Excerpts from a dataset
-*-*-
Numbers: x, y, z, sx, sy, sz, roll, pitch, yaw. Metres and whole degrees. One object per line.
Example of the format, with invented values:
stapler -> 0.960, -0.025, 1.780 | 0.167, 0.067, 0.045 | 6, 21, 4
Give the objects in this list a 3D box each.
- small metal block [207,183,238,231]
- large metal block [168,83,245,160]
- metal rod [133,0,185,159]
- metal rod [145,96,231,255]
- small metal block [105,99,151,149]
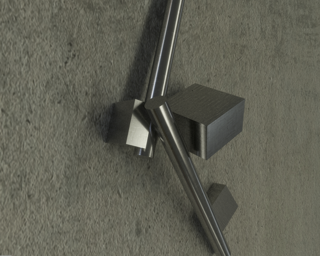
-*-*-
PROBLEM STATEMENT: Make a word-for-word copy of the records above, excluding all pictures.

OUTPUT:
Numbers: x, y, z, sx, sy, sz, roll, pitch, yaw. Metres and whole degrees. One object per line.
Example of the format, with invented values:
stapler -> 0.960, -0.025, 1.780 | 0.167, 0.067, 0.045 | 6, 21, 4
Give the objects in this list a 3D box each.
- small metal block [207,183,238,231]
- large metal block [168,83,245,160]
- metal rod [133,0,185,159]
- metal rod [145,96,231,255]
- small metal block [105,99,151,149]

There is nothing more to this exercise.